Em vários de seus contos, as personagens vivem situações que
põem à prova a firmeza de seus
valores morais, os quais, de resto,
na maior parte das vezes, se ajustam às necessidades do momento. Falta a elas consciência moral,
mergulhadas que estão num
mundo em que o culto da aparência e do efêmero é o caminho para
o sucesso.
Em "O Enfermeiro" (do livro
"Várias Histórias", 1896), é Procópio, o protagonista do conto,
quem vai enfrentar um dilema
moral. Após matar acidentalmente seu paciente, vê-se atormentado pela culpa e pelo medo. Para
piorar a sua situação psicológica,
toma conhecimento de que era
herdeiro universal dos bens do falecido. Como o crime passara despercebido, o medo concedeu-lhe
trégua. A culpa, mais persistente,
arrefeceu diante do reconhecimento público de tudo o que fizera pelo doente. É a opinião do outro que modela a consciência.

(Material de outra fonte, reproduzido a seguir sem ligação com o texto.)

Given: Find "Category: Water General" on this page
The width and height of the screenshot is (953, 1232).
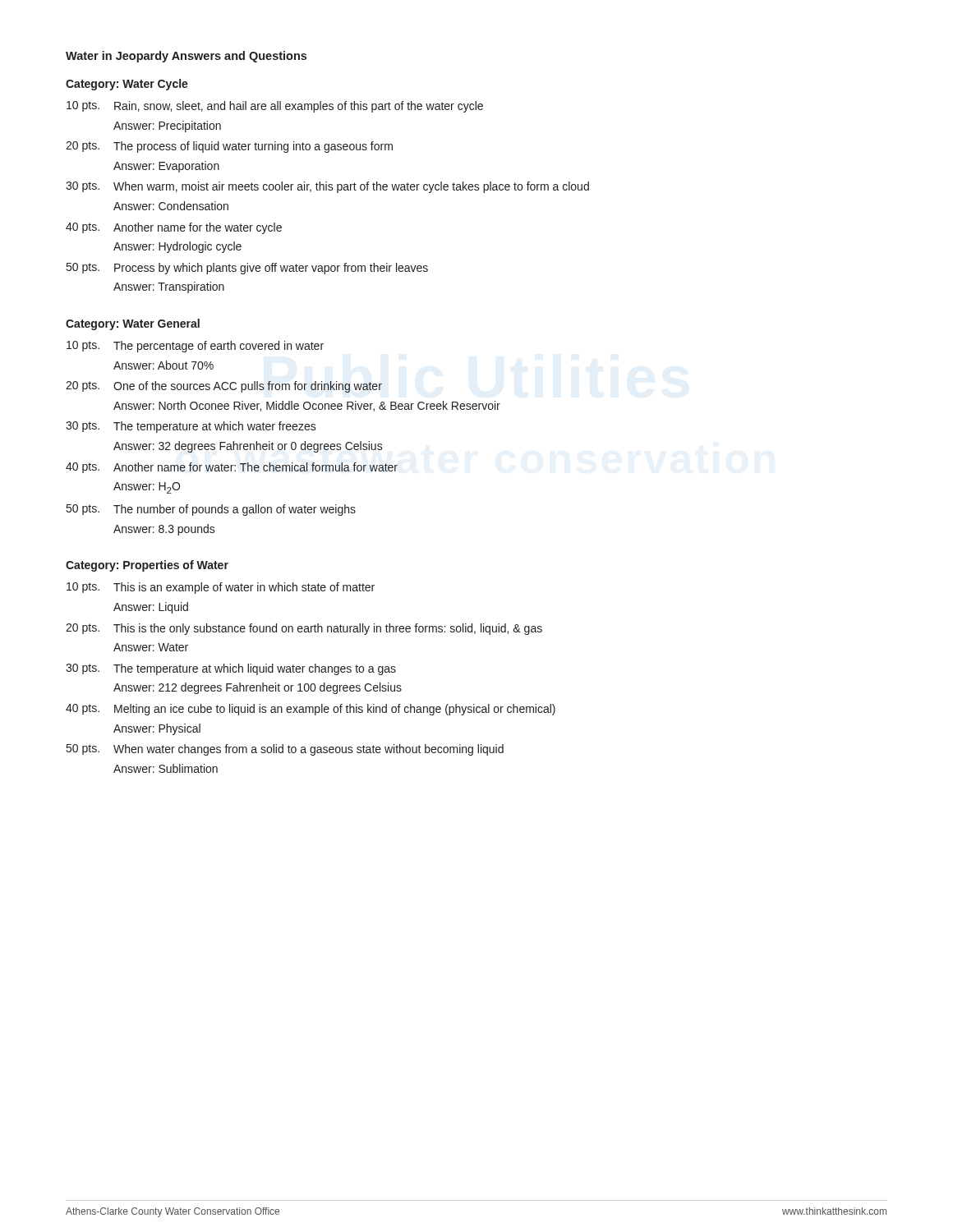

No conto-teoria "O Espelho"
(do livro "Papéis Avulsos", 1882),
Machado vai mais longe: o olhar
do outro é que forja a identidade.
O jovem Jacobina se torna alferes
e passa a ser reconhecido pelo uso
da farda, que registra seu status
social. Um dia se vê só -distante
do olhar da platéia- e, postado
diante de um espelho, não encontra sua imagem refletida; em seu
lugar, apenas uma figura difusa,
"sombra de sombra". Só recupera
sua imagem e, ao mesmo tempo,
sua existência, quando veste novamente o uniforme.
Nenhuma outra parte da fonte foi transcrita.